All Resources (0 resources)
Why AutoAnalytics
A concise overview of AutoAnalytics—what it is, why it exists, and how it helps organizations manage analytics implementation, validation, and audits more efficiently.
AutoAnalytics Security Overview
An overview of how AutoAnalytics protects platform access, project data, and operational activities using role-based access, auditability, and secure usage practices.
This glossary defines key terms, modules, and concepts used in AutoAnalytics.
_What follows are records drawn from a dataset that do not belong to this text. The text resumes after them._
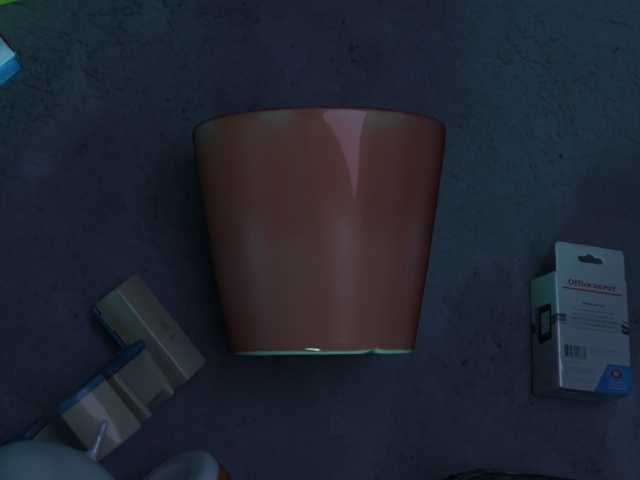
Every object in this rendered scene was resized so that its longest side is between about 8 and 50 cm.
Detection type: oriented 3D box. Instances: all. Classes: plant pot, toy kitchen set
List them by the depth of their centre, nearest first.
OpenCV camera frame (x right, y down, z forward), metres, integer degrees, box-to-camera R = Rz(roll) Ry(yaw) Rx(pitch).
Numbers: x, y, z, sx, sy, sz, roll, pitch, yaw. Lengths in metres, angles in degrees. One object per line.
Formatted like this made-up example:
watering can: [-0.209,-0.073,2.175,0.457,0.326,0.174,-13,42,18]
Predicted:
toy kitchen set: [-0.246,0.154,1.419,0.122,0.166,0.207,53,24,-3]
plant pot: [0.000,0.000,1.479,0.275,0.275,0.243,1,85,-25]

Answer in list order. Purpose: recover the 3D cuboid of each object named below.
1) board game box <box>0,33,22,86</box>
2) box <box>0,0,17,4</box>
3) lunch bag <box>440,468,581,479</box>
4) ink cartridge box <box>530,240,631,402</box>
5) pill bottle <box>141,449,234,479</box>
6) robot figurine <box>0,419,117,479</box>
board game box: [-0.501,-0.193,1.334,0.308,0.086,0.302,-39,93,-8]
box: [-0.372,-0.279,1.480,0.232,0.087,0.058,-20,86,-29]
lunch bag: [0.274,0.351,1.485,0.305,0.256,0.212,12,69,-21]
ink cartridge box: [0.313,0.099,1.692,0.104,0.060,0.180,9,71,-21]
pill bottle: [-0.093,0.321,1.385,0.121,0.121,0.216,-48,113,-28]
robot figurine: [-0.297,0.314,1.231,0.353,0.200,0.300,-36,92,-7]
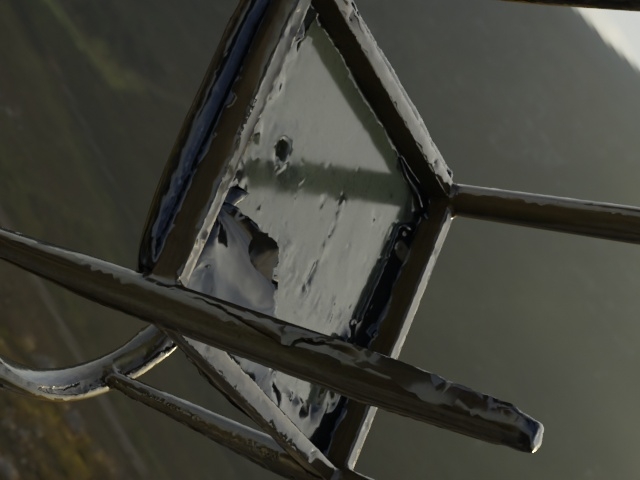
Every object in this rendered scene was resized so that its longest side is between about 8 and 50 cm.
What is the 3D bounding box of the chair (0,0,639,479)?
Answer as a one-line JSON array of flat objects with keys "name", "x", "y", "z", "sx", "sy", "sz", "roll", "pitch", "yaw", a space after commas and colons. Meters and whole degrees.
[{"name": "chair", "x": 0.000, "y": 0.000, "z": 0.524, "sx": 0.272, "sy": 0.166, "sz": 0.188, "roll": 11, "pitch": -25, "yaw": 30}]
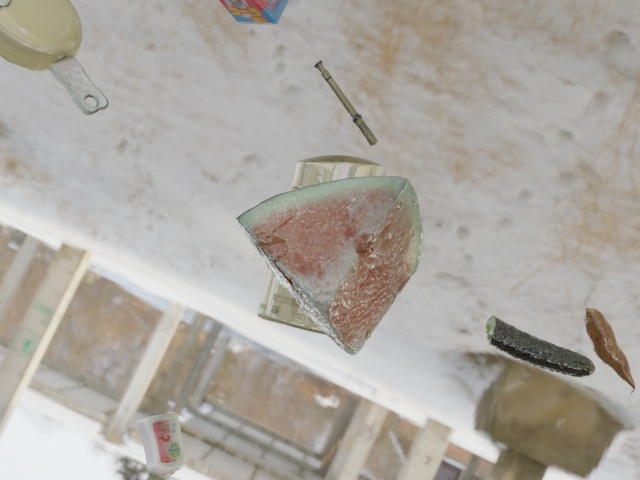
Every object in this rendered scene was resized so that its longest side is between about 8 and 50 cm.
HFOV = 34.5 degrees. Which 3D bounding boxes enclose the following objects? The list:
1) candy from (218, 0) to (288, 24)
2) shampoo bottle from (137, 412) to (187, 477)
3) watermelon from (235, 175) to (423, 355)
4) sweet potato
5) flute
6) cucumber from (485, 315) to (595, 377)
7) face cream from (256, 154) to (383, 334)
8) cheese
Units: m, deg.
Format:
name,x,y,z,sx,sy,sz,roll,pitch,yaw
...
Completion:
name,x,y,z,sx,sy,sz,roll,pitch,yaw
candy,-0.148,-0.497,1.645,0.100,0.157,0.306,12,159,37
shampoo bottle,-0.255,0.334,1.669,0.072,0.099,0.043,0,160,-44
watermelon,0.036,0.034,1.514,0.213,0.261,0.201,64,-170,-48
sweet potato,0.573,0.219,2.043,0.195,0.056,0.056,59,170,-4
flute,0.060,-0.316,2.378,0.233,0.027,0.027,55,174,3
cucumber,0.394,0.199,1.842,0.214,0.058,0.052,23,156,-7
face cream,0.000,0.000,1.982,0.173,0.349,0.081,14,178,-14
cheese,-0.408,-0.308,1.590,0.249,0.163,0.071,38,134,-10
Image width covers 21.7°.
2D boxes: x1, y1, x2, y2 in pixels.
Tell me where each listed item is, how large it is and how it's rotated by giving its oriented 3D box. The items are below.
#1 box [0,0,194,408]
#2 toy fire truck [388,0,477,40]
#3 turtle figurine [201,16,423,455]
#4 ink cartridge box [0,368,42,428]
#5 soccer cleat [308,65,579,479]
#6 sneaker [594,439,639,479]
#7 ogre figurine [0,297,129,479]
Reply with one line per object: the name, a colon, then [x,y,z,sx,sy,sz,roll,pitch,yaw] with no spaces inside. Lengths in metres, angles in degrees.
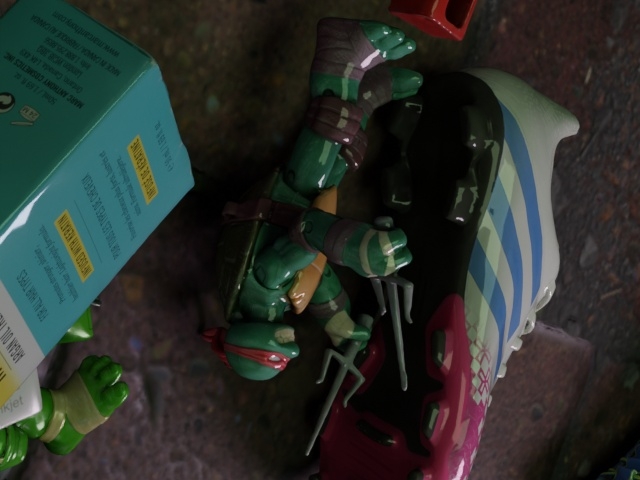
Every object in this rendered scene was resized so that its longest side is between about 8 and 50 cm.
box: [-0.149,0.031,0.594,0.244,0.060,0.100,-51,161,-17]
toy fire truck: [-0.017,-0.166,0.869,0.192,0.135,0.047,21,89,-46]
turtle figurine: [0.000,0.000,0.947,0.118,0.175,0.234,15,80,-7]
ink cartridge box: [-0.240,-0.027,0.678,0.171,0.168,0.232,-22,119,-36]
soccer cleat: [0.094,0.056,1.071,0.143,0.116,0.331,5,100,-45]
sneaker: [0.251,0.206,1.297,0.126,0.091,0.240,31,83,-45]
ogre figurine: [-0.171,0.111,0.847,0.118,0.097,0.197,20,88,-45]
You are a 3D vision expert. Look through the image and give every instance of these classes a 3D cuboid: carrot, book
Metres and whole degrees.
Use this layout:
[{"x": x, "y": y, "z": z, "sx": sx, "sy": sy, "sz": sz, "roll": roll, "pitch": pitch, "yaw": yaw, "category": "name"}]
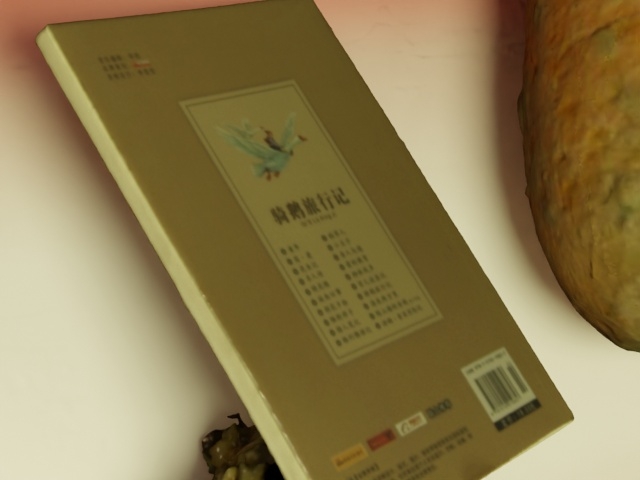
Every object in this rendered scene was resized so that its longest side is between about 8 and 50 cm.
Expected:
[{"x": 0.230, "y": -0.105, "z": 0.832, "sx": 0.224, "sy": 0.224, "sz": 0.340, "roll": -1, "pitch": 78, "yaw": -22, "category": "carrot"}, {"x": 0.000, "y": 0.000, "z": 0.746, "sx": 0.217, "sy": 0.021, "sz": 0.310, "roll": -18, "pitch": 72, "yaw": -48, "category": "book"}]

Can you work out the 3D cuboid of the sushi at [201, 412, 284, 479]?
[{"x": -0.043, "y": 0.193, "z": 0.704, "sx": 0.115, "sy": 0.147, "sz": 0.212, "roll": 36, "pitch": 72, "yaw": -12, "category": "sushi"}]
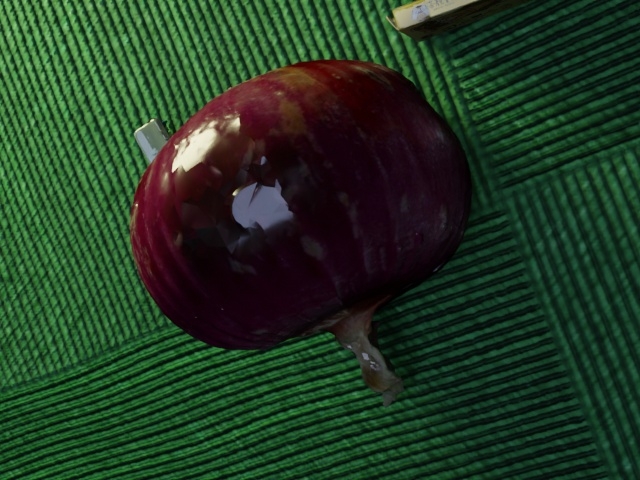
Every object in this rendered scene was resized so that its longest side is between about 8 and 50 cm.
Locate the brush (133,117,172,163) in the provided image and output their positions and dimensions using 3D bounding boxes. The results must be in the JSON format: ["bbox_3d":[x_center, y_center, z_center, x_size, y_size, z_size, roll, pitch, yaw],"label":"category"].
[{"bbox_3d":[-0.121,-0.033,0.877,0.033,0.030,0.178,-26,99,13],"label":"brush"}]

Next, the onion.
[{"bbox_3d":[-0.016,-0.026,0.736,0.272,0.230,0.256,39,107,18],"label":"onion"}]

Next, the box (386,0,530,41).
[{"bbox_3d":[0.131,-0.195,0.741,0.149,0.073,0.020,-16,90,21],"label":"box"}]
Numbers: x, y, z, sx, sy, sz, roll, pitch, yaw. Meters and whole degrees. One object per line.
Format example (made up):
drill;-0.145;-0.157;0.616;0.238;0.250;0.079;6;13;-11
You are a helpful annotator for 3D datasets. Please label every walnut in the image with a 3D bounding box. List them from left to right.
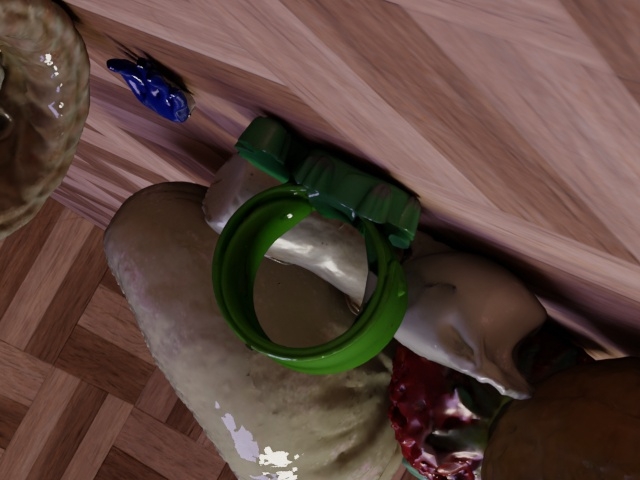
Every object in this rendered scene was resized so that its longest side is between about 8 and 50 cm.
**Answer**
walnut;0.249;0.202;1.246;0.257;0.224;0.257;-8;-169;1

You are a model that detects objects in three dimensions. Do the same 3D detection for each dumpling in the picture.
dumpling;0.117;0.061;1.256;0.150;0.092;0.176;35;171;-38

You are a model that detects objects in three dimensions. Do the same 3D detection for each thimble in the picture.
thimble;-0.279;-0.107;1.176;0.148;0.196;0.229;27;175;24

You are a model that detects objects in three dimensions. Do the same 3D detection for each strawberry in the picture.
strawberry;0.146;0.140;1.450;0.184;0.187;0.201;63;170;-2

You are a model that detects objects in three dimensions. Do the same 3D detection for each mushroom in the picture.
mushroom;0.004;0.000;1.352;0.223;0.081;0.092;30;156;-35

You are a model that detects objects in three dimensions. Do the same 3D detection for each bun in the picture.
bun;-0.043;0.084;1.554;0.365;0.219;0.365;59;176;7

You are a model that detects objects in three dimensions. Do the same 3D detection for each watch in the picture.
watch;-0.013;0.012;1.185;0.165;0.152;0.131;25;176;17

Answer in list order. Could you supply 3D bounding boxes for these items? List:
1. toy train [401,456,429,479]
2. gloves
toy train;0.064;0.183;2.207;0.442;0.179;0.272;29;180;-12
gloves;-0.125;-0.114;1.222;0.064;0.026;0.086;29;175;13

All terms listed here map directly to features, screens, or behaviors visible in the product and described in the PRD and TAD.
A
Access Control
The mechanism that determines which users can view, edit, or manage projects, configurations, and reports based on their assigned role.
Admin
A user role with full access to AutoAnalytics, including user management, configuration, audits, and platform governance.
Audit
A structured review process that checks the health and completeness of analytics implementation for a project and highlights areas needing attention.
Audit Dashboard
A screen that displays audit status, results, and health indicators for projects.
C
Configuration
The setup of master data, user access, and mappings required before projects can be implemented smoothly.
Completed Status
A state indicating that a step (Goals, Deploy, Validate, or Audit) has been successfully finished for a project.
D
Dashboard
The main landing screen that provides a high-level overview of projects, progress counts, and recent activity.
Data Governance
The rules and controls that govern how project data, audit results, and user information are accessed, used, and retained within AutoAnalytics.
Deploy
The stage where analytics tracking is prepared and applied based on defined goals.
Deploy Dashboard
A screen that shows deployment status, progress, and actions available for each project.
E
Editor
A user role that can create and manage projects, define goals, run deployments, validations, and audits, but cannot manage users or platform-wide settings.
G
Goals
Business objectives defined for a project that determine what needs to be measured and validated.
Goals Dashboard
The screen used to define, review, and track goals for each project.
I
Industry
A classification used to organize projects and align goals and KPIs to specific business domains.
Implementation Guide
Documentation that explains how to use AutoAnalytics step-by-step from Design to Audit.
M
Monitoring
The ability to track project progress, stage status, and usage activity through dashboards and indicators.
P
Project
A logical unit in AutoAnalytics representing a single website or digital property.
Project Setup
The process of creating a project by providing the required basic information such as domain and context.
R
RBAC (Role-Based Access Control)
A system that restricts platform actions based on user roles such as Admin, Editor, or Viewer.
Reports
Downloadable outputs generated from audits or validations that summarize findings and results.
S
Security
The set of controls that protect access, data integrity, and platform usage within AutoAnalytics.
Stage
A step in the analytics lifecycle: Design, Deploy, Validate, or Audit.
Status Indicators
Visual labels (e.g., In Progress, Completed, Yet to Start) that show the current state of a project or action.
V
Validate
The stage where analytics implementation is checked to ensure tracking is active and aligned with defined goals.
Validate Dashboard
The screen that displays validation status and allows users to initiate or review validation runs.
Viewer
A user role with read-only access to dashboards, project status, and reports.
W
Workflow
The structured sequence followed in AutoAnalytics:
Design → Deploy → Validate → Audit.
Y
Yet to Start
A status indicating that an action (such as validation or audit) has not been initiated for a project.